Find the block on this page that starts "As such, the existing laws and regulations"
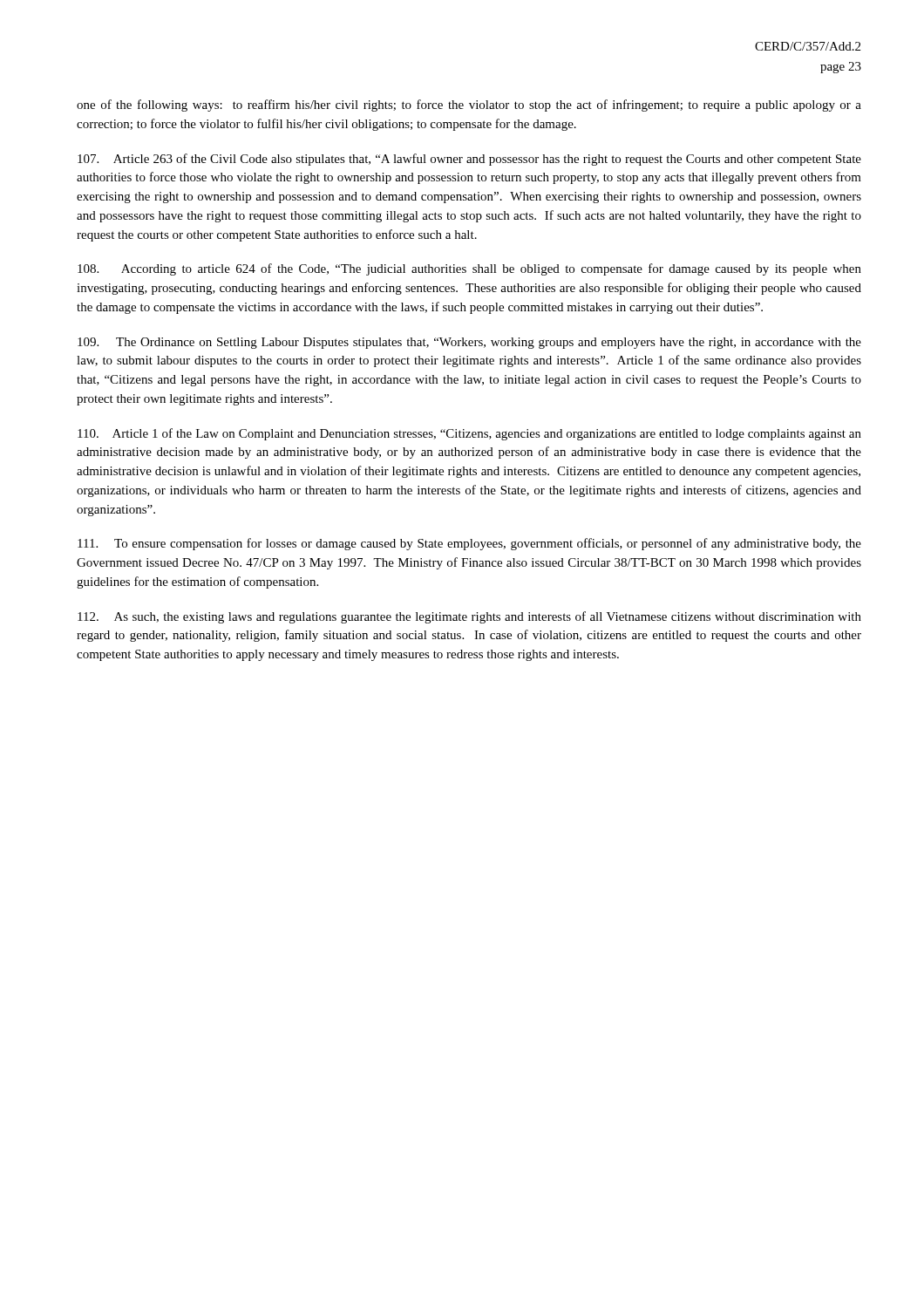This screenshot has width=924, height=1308. pos(469,635)
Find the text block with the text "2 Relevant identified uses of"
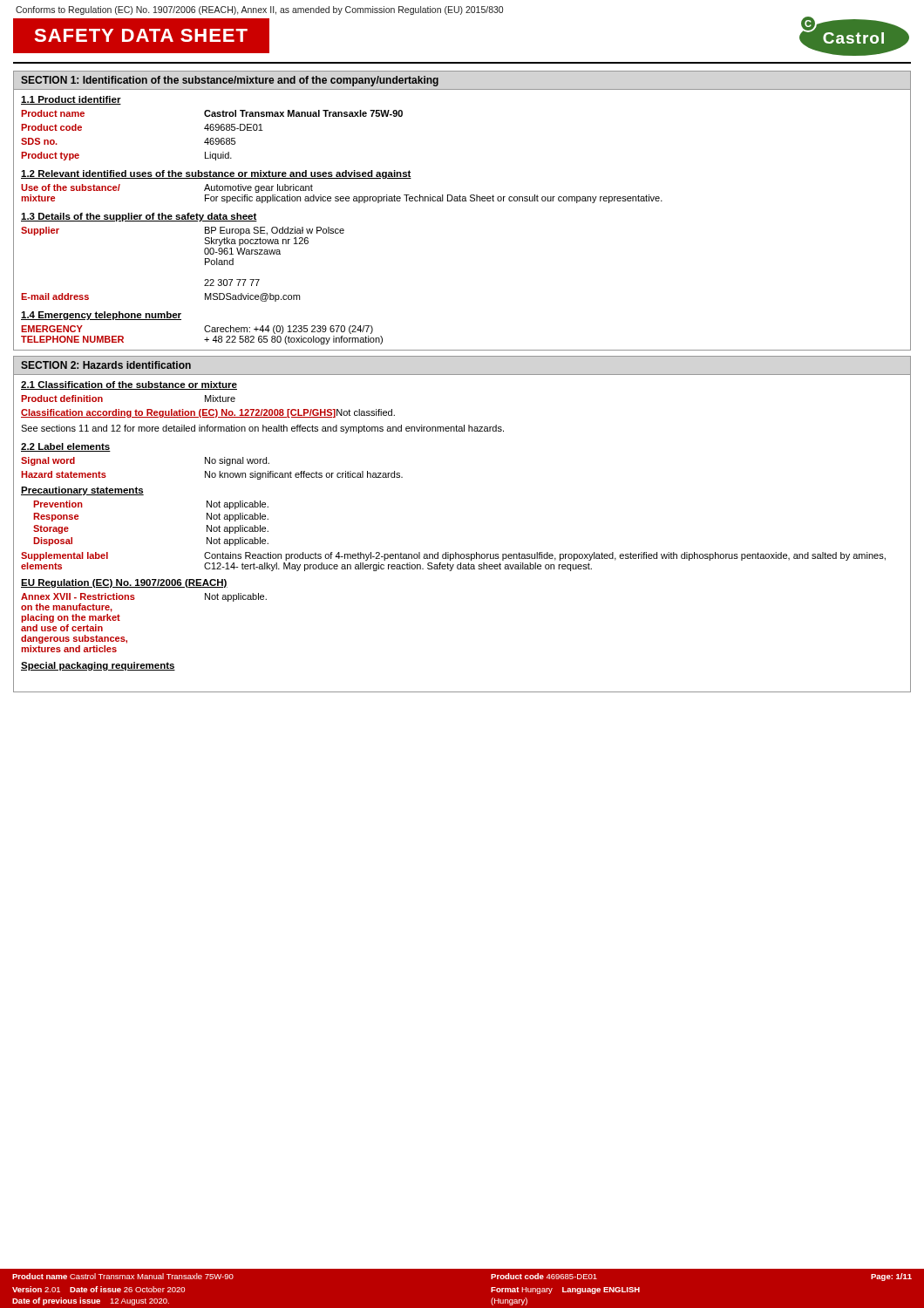The width and height of the screenshot is (924, 1308). click(216, 174)
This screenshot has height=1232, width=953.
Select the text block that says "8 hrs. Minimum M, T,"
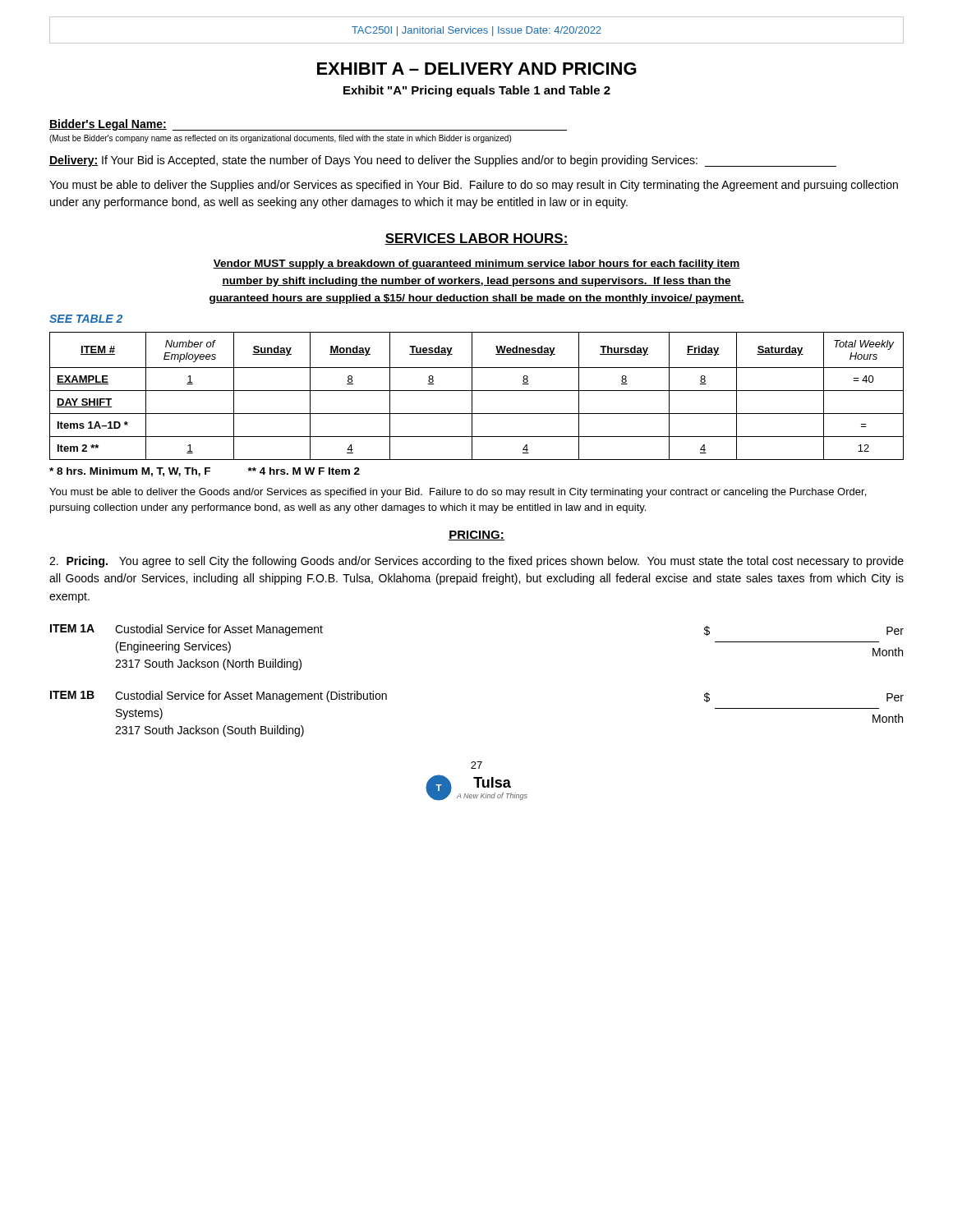click(205, 471)
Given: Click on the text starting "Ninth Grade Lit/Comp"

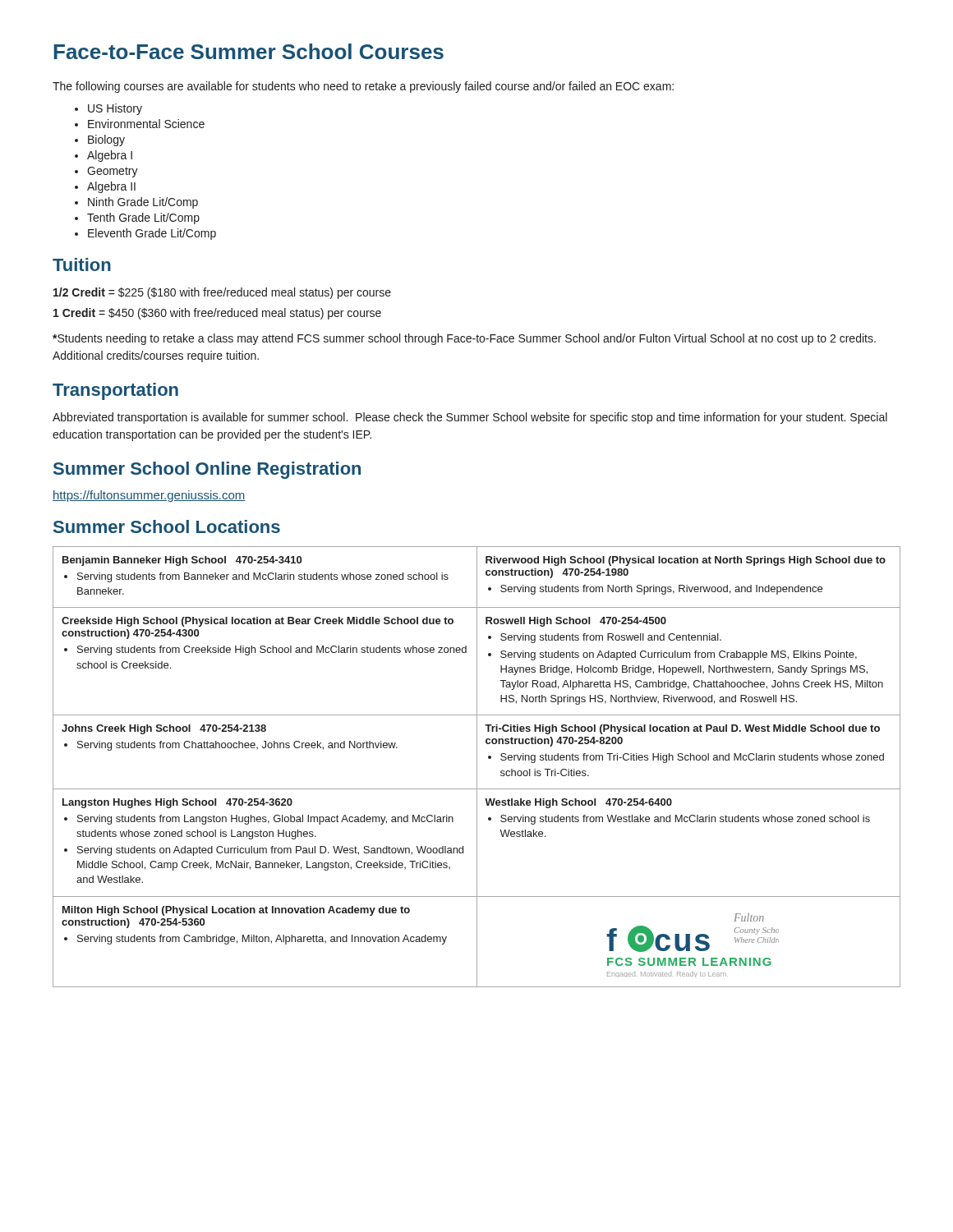Looking at the screenshot, I should pos(143,203).

━━━━━━━━━━━━━━━━━━━━

WHAT TO DO
Write out the data in full and exactly as given, though without the images.

YOUR RESPONSE
Find the block on this page that starts "As such, the existing laws and regulations"
This screenshot has width=924, height=1308. pos(469,635)
Find the text block with the text "2 Relevant identified uses of"
The width and height of the screenshot is (924, 1308). click(216, 174)
This screenshot has height=1232, width=953.
Select the text block that says "8 hrs. Minimum M, T,"
click(205, 471)
Given: Click on the text starting "Ninth Grade Lit/Comp"

Looking at the screenshot, I should pos(143,203).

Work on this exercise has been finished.